More than a hundred vulnerabilities were found by security researcher Steven Seeley of Source Incite, which let hackers potentially bypass the Cisco Data Center Network Manager (DCNM).
The security errors basically allow hackers to waltz into the data centre systems and access even hard-coded credentials. According to Tenable, researchers were able to analyze three major and critical bugs that “are authentication bypass vulnerabilities in the REST API and SOAP API endpoints for Cisco DCNM due to the existence of a static encryption key shared between installations.”
In addition to accessing encrypted data, security errors can also execute arbitrary actions with administrative privileges.
The Cisco DCNM software release 11.3 for Microsoft Linux, Windows, and virtual appliance platforms are affected.
Given the large scope of the vulnerabilities, the company was under attack by security experts. Security specialist from Australia said, “[Cisco] is literally the worst, they could be [providing an attacker with] authenticated remote code execution as root. A hacker could access anything, credentials, etc.”
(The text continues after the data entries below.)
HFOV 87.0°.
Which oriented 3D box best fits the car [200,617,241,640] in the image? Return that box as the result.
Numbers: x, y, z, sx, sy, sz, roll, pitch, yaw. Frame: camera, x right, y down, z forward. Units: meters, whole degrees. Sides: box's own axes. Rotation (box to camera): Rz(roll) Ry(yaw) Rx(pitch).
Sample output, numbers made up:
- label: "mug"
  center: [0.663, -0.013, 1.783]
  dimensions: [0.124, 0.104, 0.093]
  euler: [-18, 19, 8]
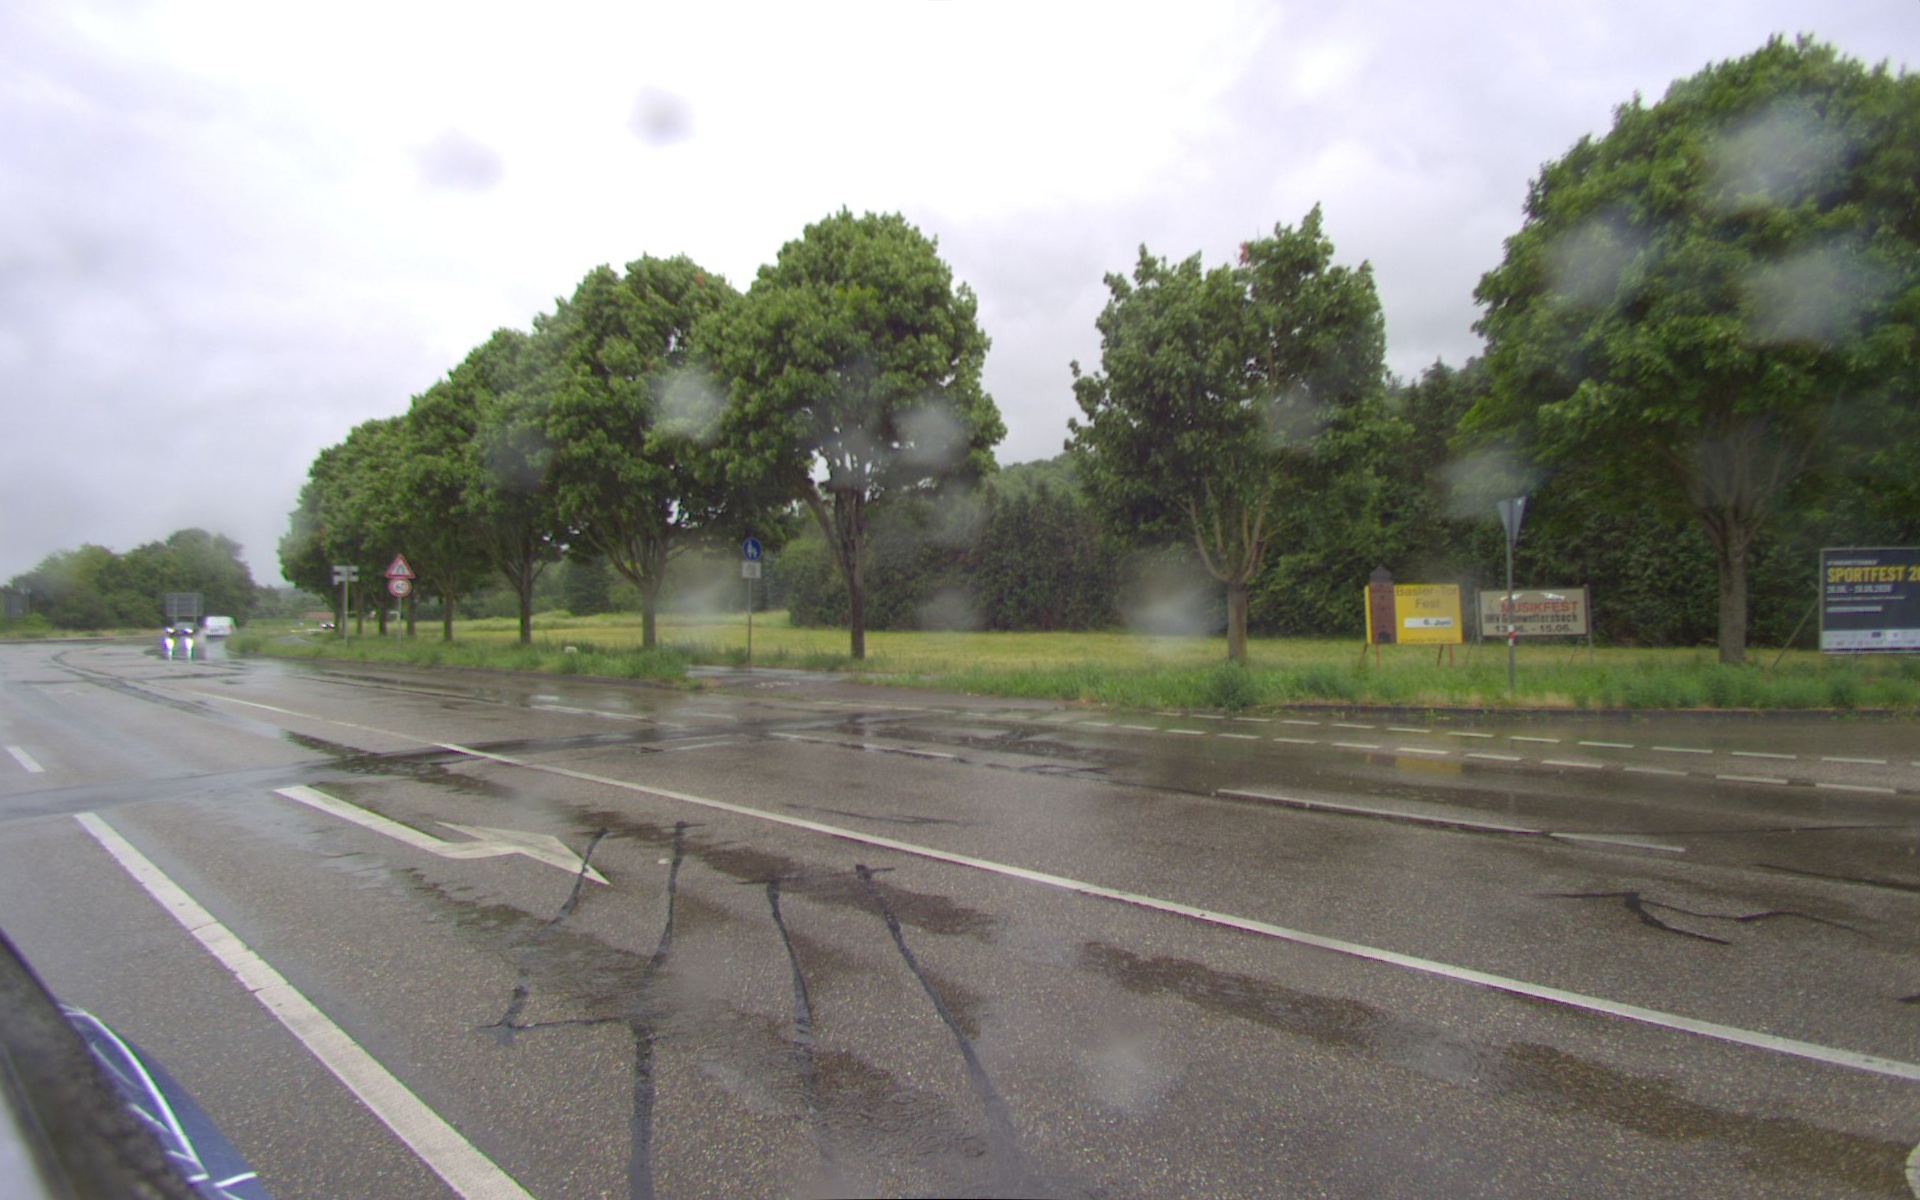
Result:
- label: "car"
  center: [-63.271, 2.401, 86.659]
  dimensions: [2.077, 1.907, 4.806]
  euler: [0, -1, -27]

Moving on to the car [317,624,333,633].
- label: "car"
  center: [-128.499, 5.685, 204.956]
  dimensions: [1.884, 1.701, 4.116]
  euler: [0, 0, -19]

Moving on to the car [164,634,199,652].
- label: "car"
  center: [-73.885, 4.060, 96.103]
  dimensions: [1.884, 1.597, 4.116]
  euler: [0, -1, -27]

Meanwhile, earlier this week, Cisco confirmed that they already patched the bugs in the DCNM saying, they’ve created management solutions for all NX-OS networks. This network spans to all LAN fabrics, SAN, and IP Fabric for Media networking.
Cisco also fixed flaws of lesser severity, which is another component tied up to the DCNM. The new software update contained all the patches to fix the major bugs. Customers are urged to uninstall the software and install the latest version.
Patch Delay
SecureData expert Car Morris reiterated that Cisco has a history of delaying patches, which can affect its customers. In his words, “Cisco issues security updates that remove static keys or hardcoded credentials. This type of security flaw speaking in the most flattering terms equates to extreme laziness and negligence from a software development and quality assurance point of view.”
The said negligence serves as problematic, especially when there is a long delay in the availability of the patch. This type of cyberconflict increases further if the software provider cannot fix the problem. “Smaller nation states can launch cyber attacks against businesses, normally protected by their military in an armed conflict,” said Morris.
Cisco Systems is an American multinational tech company that sells networking hardware, telecommunications equipment, and software. The critical bugs on the DCNM software were found in the first week of January this year.